Recall that a pair of classes of modules $(\mathcal{A}, \mathcal{B})$ in $R\text{-Mod}$ is called a cotorsion pair if
$$ \mathcal{A} = {}^{\perp}\mathcal{B} \quad\text{and}\quad \mathcal{B} = \mathcal{A}^{\perp}, $$ where
$$ {}^{\perp}\mathcal{B} = \{ M \mid Ext^1_R(M, B) = 0 \text{ for all } B \in \mathcal{B} \}, \qquad \mathcal{A}^{\perp} = \{ N \mid Ext^1_R(A, N) = 0 \text{ for all } A \in \mathcal{A} \}. $$ The cotorsion pair is said to be complete if every module $M$ admits both a special $\mathcal{A}$-precover and a special $\mathcal{B}$-preenvelope.

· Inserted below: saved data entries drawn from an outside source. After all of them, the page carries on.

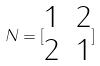<formula> <loc_0><loc_0><loc_500><loc_500>N = [ \begin{matrix} 1 & 2 \\ 2 & 1 \end{matrix} ]</formula> 
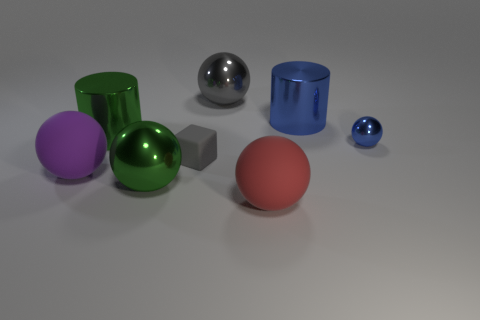Subtract all gray balls. How many balls are left? 4 Subtract all big red rubber balls. How many balls are left? 4 Subtract all cyan balls. Subtract all yellow cylinders. How many balls are left? 5 Add 1 large metallic spheres. How many objects exist? 9 Subtract all balls. How many objects are left? 3 Subtract all big green metallic things. Subtract all blue objects. How many objects are left? 4 Add 7 big green metallic objects. How many big green metallic objects are left? 9 Add 2 small things. How many small things exist? 4 Subtract 0 red blocks. How many objects are left? 8 
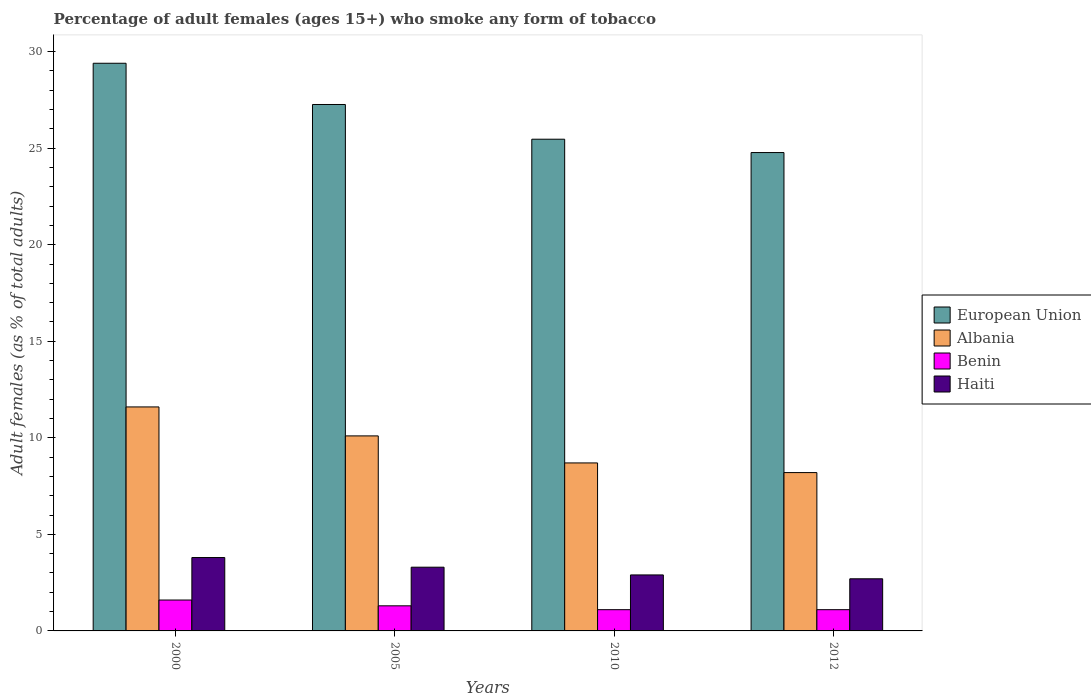Are the number of bars per tick equal to the number of legend labels?
Offer a terse response. Yes. How many bars are there on the 2nd tick from the left?
Ensure brevity in your answer.  4. What is the label of the 3rd group of bars from the left?
Offer a terse response. 2010. In how many cases, is the number of bars for a given year not equal to the number of legend labels?
Provide a short and direct response. 0. Across all years, what is the minimum percentage of adult females who smoke in Benin?
Your answer should be compact. 1.1. In which year was the percentage of adult females who smoke in Benin maximum?
Your answer should be compact. 2000. What is the total percentage of adult females who smoke in Benin in the graph?
Your answer should be compact. 5.1. What is the difference between the percentage of adult females who smoke in Benin in 2005 and that in 2012?
Ensure brevity in your answer.  0.2. What is the average percentage of adult females who smoke in Haiti per year?
Offer a terse response. 3.17. In the year 2012, what is the difference between the percentage of adult females who smoke in Haiti and percentage of adult females who smoke in Albania?
Your response must be concise. -5.5. In how many years, is the percentage of adult females who smoke in Benin greater than 25 %?
Give a very brief answer. 0. What is the ratio of the percentage of adult females who smoke in Haiti in 2000 to that in 2005?
Keep it short and to the point. 1.15. Is the percentage of adult females who smoke in Benin in 2005 less than that in 2010?
Your answer should be very brief. No. What is the difference between the highest and the second highest percentage of adult females who smoke in European Union?
Your answer should be very brief. 2.14. What is the difference between the highest and the lowest percentage of adult females who smoke in Haiti?
Your answer should be very brief. 1.1. Is the sum of the percentage of adult females who smoke in Albania in 2010 and 2012 greater than the maximum percentage of adult females who smoke in Haiti across all years?
Your response must be concise. Yes. What does the 3rd bar from the left in 2010 represents?
Your answer should be very brief. Benin. What does the 3rd bar from the right in 2012 represents?
Keep it short and to the point. Albania. How many bars are there?
Offer a very short reply. 16. Are all the bars in the graph horizontal?
Keep it short and to the point. No. What is the difference between two consecutive major ticks on the Y-axis?
Your response must be concise. 5. Does the graph contain any zero values?
Provide a succinct answer. No. Does the graph contain grids?
Ensure brevity in your answer.  No. How many legend labels are there?
Give a very brief answer. 4. What is the title of the graph?
Give a very brief answer. Percentage of adult females (ages 15+) who smoke any form of tobacco. What is the label or title of the X-axis?
Your answer should be compact. Years. What is the label or title of the Y-axis?
Make the answer very short. Adult females (as % of total adults). What is the Adult females (as % of total adults) of European Union in 2000?
Your answer should be very brief. 29.4. What is the Adult females (as % of total adults) in Haiti in 2000?
Keep it short and to the point. 3.8. What is the Adult females (as % of total adults) of European Union in 2005?
Your answer should be compact. 27.26. What is the Adult females (as % of total adults) in Benin in 2005?
Offer a terse response. 1.3. What is the Adult females (as % of total adults) in Haiti in 2005?
Make the answer very short. 3.3. What is the Adult females (as % of total adults) of European Union in 2010?
Keep it short and to the point. 25.46. What is the Adult females (as % of total adults) of Albania in 2010?
Ensure brevity in your answer.  8.7. What is the Adult females (as % of total adults) in Benin in 2010?
Give a very brief answer. 1.1. What is the Adult females (as % of total adults) in European Union in 2012?
Your answer should be compact. 24.77. What is the Adult females (as % of total adults) of Haiti in 2012?
Give a very brief answer. 2.7. Across all years, what is the maximum Adult females (as % of total adults) of European Union?
Give a very brief answer. 29.4. Across all years, what is the maximum Adult females (as % of total adults) of Albania?
Your response must be concise. 11.6. Across all years, what is the maximum Adult females (as % of total adults) of Haiti?
Provide a short and direct response. 3.8. Across all years, what is the minimum Adult females (as % of total adults) of European Union?
Keep it short and to the point. 24.77. Across all years, what is the minimum Adult females (as % of total adults) of Albania?
Keep it short and to the point. 8.2. Across all years, what is the minimum Adult females (as % of total adults) in Benin?
Provide a succinct answer. 1.1. What is the total Adult females (as % of total adults) in European Union in the graph?
Give a very brief answer. 106.9. What is the total Adult females (as % of total adults) in Albania in the graph?
Make the answer very short. 38.6. What is the difference between the Adult females (as % of total adults) of European Union in 2000 and that in 2005?
Your answer should be compact. 2.14. What is the difference between the Adult females (as % of total adults) of European Union in 2000 and that in 2010?
Give a very brief answer. 3.93. What is the difference between the Adult females (as % of total adults) in Haiti in 2000 and that in 2010?
Ensure brevity in your answer.  0.9. What is the difference between the Adult females (as % of total adults) of European Union in 2000 and that in 2012?
Provide a short and direct response. 4.62. What is the difference between the Adult females (as % of total adults) in Albania in 2000 and that in 2012?
Your answer should be very brief. 3.4. What is the difference between the Adult females (as % of total adults) in European Union in 2005 and that in 2010?
Offer a very short reply. 1.8. What is the difference between the Adult females (as % of total adults) of Albania in 2005 and that in 2010?
Provide a succinct answer. 1.4. What is the difference between the Adult females (as % of total adults) in Haiti in 2005 and that in 2010?
Keep it short and to the point. 0.4. What is the difference between the Adult females (as % of total adults) in European Union in 2005 and that in 2012?
Ensure brevity in your answer.  2.49. What is the difference between the Adult females (as % of total adults) of Haiti in 2005 and that in 2012?
Provide a succinct answer. 0.6. What is the difference between the Adult females (as % of total adults) of European Union in 2010 and that in 2012?
Offer a terse response. 0.69. What is the difference between the Adult females (as % of total adults) in Benin in 2010 and that in 2012?
Your response must be concise. 0. What is the difference between the Adult females (as % of total adults) in Haiti in 2010 and that in 2012?
Make the answer very short. 0.2. What is the difference between the Adult females (as % of total adults) of European Union in 2000 and the Adult females (as % of total adults) of Albania in 2005?
Your answer should be very brief. 19.3. What is the difference between the Adult females (as % of total adults) of European Union in 2000 and the Adult females (as % of total adults) of Benin in 2005?
Provide a succinct answer. 28.1. What is the difference between the Adult females (as % of total adults) of European Union in 2000 and the Adult females (as % of total adults) of Haiti in 2005?
Your answer should be compact. 26.1. What is the difference between the Adult females (as % of total adults) of Albania in 2000 and the Adult females (as % of total adults) of Benin in 2005?
Give a very brief answer. 10.3. What is the difference between the Adult females (as % of total adults) of Albania in 2000 and the Adult females (as % of total adults) of Haiti in 2005?
Your answer should be very brief. 8.3. What is the difference between the Adult females (as % of total adults) in Benin in 2000 and the Adult females (as % of total adults) in Haiti in 2005?
Ensure brevity in your answer.  -1.7. What is the difference between the Adult females (as % of total adults) of European Union in 2000 and the Adult females (as % of total adults) of Albania in 2010?
Give a very brief answer. 20.7. What is the difference between the Adult females (as % of total adults) of European Union in 2000 and the Adult females (as % of total adults) of Benin in 2010?
Provide a short and direct response. 28.3. What is the difference between the Adult females (as % of total adults) in European Union in 2000 and the Adult females (as % of total adults) in Haiti in 2010?
Your answer should be compact. 26.5. What is the difference between the Adult females (as % of total adults) in Albania in 2000 and the Adult females (as % of total adults) in Benin in 2010?
Ensure brevity in your answer.  10.5. What is the difference between the Adult females (as % of total adults) of Albania in 2000 and the Adult females (as % of total adults) of Haiti in 2010?
Provide a short and direct response. 8.7. What is the difference between the Adult females (as % of total adults) of European Union in 2000 and the Adult females (as % of total adults) of Albania in 2012?
Provide a succinct answer. 21.2. What is the difference between the Adult females (as % of total adults) in European Union in 2000 and the Adult females (as % of total adults) in Benin in 2012?
Provide a succinct answer. 28.3. What is the difference between the Adult females (as % of total adults) in European Union in 2000 and the Adult females (as % of total adults) in Haiti in 2012?
Provide a succinct answer. 26.7. What is the difference between the Adult females (as % of total adults) of Benin in 2000 and the Adult females (as % of total adults) of Haiti in 2012?
Give a very brief answer. -1.1. What is the difference between the Adult females (as % of total adults) of European Union in 2005 and the Adult females (as % of total adults) of Albania in 2010?
Your answer should be very brief. 18.56. What is the difference between the Adult females (as % of total adults) in European Union in 2005 and the Adult females (as % of total adults) in Benin in 2010?
Provide a short and direct response. 26.16. What is the difference between the Adult females (as % of total adults) of European Union in 2005 and the Adult females (as % of total adults) of Haiti in 2010?
Ensure brevity in your answer.  24.36. What is the difference between the Adult females (as % of total adults) of Benin in 2005 and the Adult females (as % of total adults) of Haiti in 2010?
Ensure brevity in your answer.  -1.6. What is the difference between the Adult females (as % of total adults) in European Union in 2005 and the Adult females (as % of total adults) in Albania in 2012?
Your response must be concise. 19.06. What is the difference between the Adult females (as % of total adults) of European Union in 2005 and the Adult females (as % of total adults) of Benin in 2012?
Make the answer very short. 26.16. What is the difference between the Adult females (as % of total adults) in European Union in 2005 and the Adult females (as % of total adults) in Haiti in 2012?
Your answer should be compact. 24.56. What is the difference between the Adult females (as % of total adults) of Benin in 2005 and the Adult females (as % of total adults) of Haiti in 2012?
Provide a short and direct response. -1.4. What is the difference between the Adult females (as % of total adults) of European Union in 2010 and the Adult females (as % of total adults) of Albania in 2012?
Provide a short and direct response. 17.26. What is the difference between the Adult females (as % of total adults) of European Union in 2010 and the Adult females (as % of total adults) of Benin in 2012?
Your answer should be very brief. 24.36. What is the difference between the Adult females (as % of total adults) of European Union in 2010 and the Adult females (as % of total adults) of Haiti in 2012?
Keep it short and to the point. 22.76. What is the difference between the Adult females (as % of total adults) in Albania in 2010 and the Adult females (as % of total adults) in Haiti in 2012?
Ensure brevity in your answer.  6. What is the average Adult females (as % of total adults) of European Union per year?
Keep it short and to the point. 26.72. What is the average Adult females (as % of total adults) in Albania per year?
Your response must be concise. 9.65. What is the average Adult females (as % of total adults) of Benin per year?
Your answer should be compact. 1.27. What is the average Adult females (as % of total adults) of Haiti per year?
Your answer should be very brief. 3.17. In the year 2000, what is the difference between the Adult females (as % of total adults) of European Union and Adult females (as % of total adults) of Albania?
Your response must be concise. 17.8. In the year 2000, what is the difference between the Adult females (as % of total adults) of European Union and Adult females (as % of total adults) of Benin?
Make the answer very short. 27.8. In the year 2000, what is the difference between the Adult females (as % of total adults) of European Union and Adult females (as % of total adults) of Haiti?
Make the answer very short. 25.6. In the year 2000, what is the difference between the Adult females (as % of total adults) in Albania and Adult females (as % of total adults) in Haiti?
Offer a very short reply. 7.8. In the year 2000, what is the difference between the Adult females (as % of total adults) in Benin and Adult females (as % of total adults) in Haiti?
Provide a succinct answer. -2.2. In the year 2005, what is the difference between the Adult females (as % of total adults) in European Union and Adult females (as % of total adults) in Albania?
Your answer should be compact. 17.16. In the year 2005, what is the difference between the Adult females (as % of total adults) in European Union and Adult females (as % of total adults) in Benin?
Make the answer very short. 25.96. In the year 2005, what is the difference between the Adult females (as % of total adults) of European Union and Adult females (as % of total adults) of Haiti?
Keep it short and to the point. 23.96. In the year 2005, what is the difference between the Adult females (as % of total adults) of Albania and Adult females (as % of total adults) of Benin?
Give a very brief answer. 8.8. In the year 2010, what is the difference between the Adult females (as % of total adults) of European Union and Adult females (as % of total adults) of Albania?
Give a very brief answer. 16.76. In the year 2010, what is the difference between the Adult females (as % of total adults) in European Union and Adult females (as % of total adults) in Benin?
Make the answer very short. 24.36. In the year 2010, what is the difference between the Adult females (as % of total adults) of European Union and Adult females (as % of total adults) of Haiti?
Keep it short and to the point. 22.56. In the year 2010, what is the difference between the Adult females (as % of total adults) of Albania and Adult females (as % of total adults) of Benin?
Your answer should be compact. 7.6. In the year 2010, what is the difference between the Adult females (as % of total adults) in Albania and Adult females (as % of total adults) in Haiti?
Offer a very short reply. 5.8. In the year 2012, what is the difference between the Adult females (as % of total adults) in European Union and Adult females (as % of total adults) in Albania?
Offer a terse response. 16.57. In the year 2012, what is the difference between the Adult females (as % of total adults) of European Union and Adult females (as % of total adults) of Benin?
Keep it short and to the point. 23.67. In the year 2012, what is the difference between the Adult females (as % of total adults) in European Union and Adult females (as % of total adults) in Haiti?
Give a very brief answer. 22.07. In the year 2012, what is the difference between the Adult females (as % of total adults) in Benin and Adult females (as % of total adults) in Haiti?
Offer a very short reply. -1.6. What is the ratio of the Adult females (as % of total adults) of European Union in 2000 to that in 2005?
Give a very brief answer. 1.08. What is the ratio of the Adult females (as % of total adults) of Albania in 2000 to that in 2005?
Provide a succinct answer. 1.15. What is the ratio of the Adult females (as % of total adults) in Benin in 2000 to that in 2005?
Provide a short and direct response. 1.23. What is the ratio of the Adult females (as % of total adults) of Haiti in 2000 to that in 2005?
Keep it short and to the point. 1.15. What is the ratio of the Adult females (as % of total adults) of European Union in 2000 to that in 2010?
Give a very brief answer. 1.15. What is the ratio of the Adult females (as % of total adults) of Benin in 2000 to that in 2010?
Your response must be concise. 1.45. What is the ratio of the Adult females (as % of total adults) of Haiti in 2000 to that in 2010?
Keep it short and to the point. 1.31. What is the ratio of the Adult females (as % of total adults) in European Union in 2000 to that in 2012?
Provide a succinct answer. 1.19. What is the ratio of the Adult females (as % of total adults) of Albania in 2000 to that in 2012?
Your answer should be very brief. 1.41. What is the ratio of the Adult females (as % of total adults) in Benin in 2000 to that in 2012?
Provide a succinct answer. 1.45. What is the ratio of the Adult females (as % of total adults) of Haiti in 2000 to that in 2012?
Ensure brevity in your answer.  1.41. What is the ratio of the Adult females (as % of total adults) in European Union in 2005 to that in 2010?
Provide a succinct answer. 1.07. What is the ratio of the Adult females (as % of total adults) in Albania in 2005 to that in 2010?
Give a very brief answer. 1.16. What is the ratio of the Adult females (as % of total adults) in Benin in 2005 to that in 2010?
Make the answer very short. 1.18. What is the ratio of the Adult females (as % of total adults) in Haiti in 2005 to that in 2010?
Offer a very short reply. 1.14. What is the ratio of the Adult females (as % of total adults) of European Union in 2005 to that in 2012?
Offer a terse response. 1.1. What is the ratio of the Adult females (as % of total adults) in Albania in 2005 to that in 2012?
Provide a short and direct response. 1.23. What is the ratio of the Adult females (as % of total adults) of Benin in 2005 to that in 2012?
Ensure brevity in your answer.  1.18. What is the ratio of the Adult females (as % of total adults) in Haiti in 2005 to that in 2012?
Your response must be concise. 1.22. What is the ratio of the Adult females (as % of total adults) in European Union in 2010 to that in 2012?
Offer a terse response. 1.03. What is the ratio of the Adult females (as % of total adults) in Albania in 2010 to that in 2012?
Your answer should be very brief. 1.06. What is the ratio of the Adult females (as % of total adults) of Benin in 2010 to that in 2012?
Make the answer very short. 1. What is the ratio of the Adult females (as % of total adults) in Haiti in 2010 to that in 2012?
Offer a very short reply. 1.07. What is the difference between the highest and the second highest Adult females (as % of total adults) of European Union?
Provide a short and direct response. 2.14. What is the difference between the highest and the second highest Adult females (as % of total adults) in Albania?
Keep it short and to the point. 1.5. What is the difference between the highest and the second highest Adult females (as % of total adults) in Haiti?
Your answer should be very brief. 0.5. What is the difference between the highest and the lowest Adult females (as % of total adults) in European Union?
Your response must be concise. 4.62. What is the difference between the highest and the lowest Adult females (as % of total adults) of Benin?
Make the answer very short. 0.5.

It is well known that for a commutative domain $R$, the cotorsion pair $(\mathcal{P}_1, \mathcal{D})$ — where
$\mathcal{P}_1$ denotes the class of all modules of projective dimension at most $1$, and
$\mathcal{D}$ denotes the class of all divisible modules — is complete.
In this situation we have the following equivalences: $$ R \text{ is a field } \ \Longleftrightarrow\ \mathcal{D} = R\text{-Mod} \ \Longleftrightarrow\ \text{every module in } \mathcal{P}_1 \text{ is projective.} $$
In the general (not necessarily commutative) case, it is known that
$(\mathcal{P}_1, \mathcal{P}_1^{\perp})$ is a complete cotorsion pair.
Hence the following statements are equivalent:
- $\mathcal{P}_1^{\perp} = R\text{-Mod}$;
- Every module in $\mathcal{P}_1$ is projective;
- Every quotient of a projective module by a projective submodule is projective;
- $R$ has no (non-projective) module of projective dimension $1$.
Question.
Are rings satisfying these equivalent conditions already known or characterized in the literature?
Equivalently,
$$ \text{Which rings have the property that every module of projective dimension at most $1$ is projective?} $$
I could not find a reference or a specific name for such rings.
Are they related to hereditary, semihereditary, or perfect rings, or do they form a strictly smaller or larger class?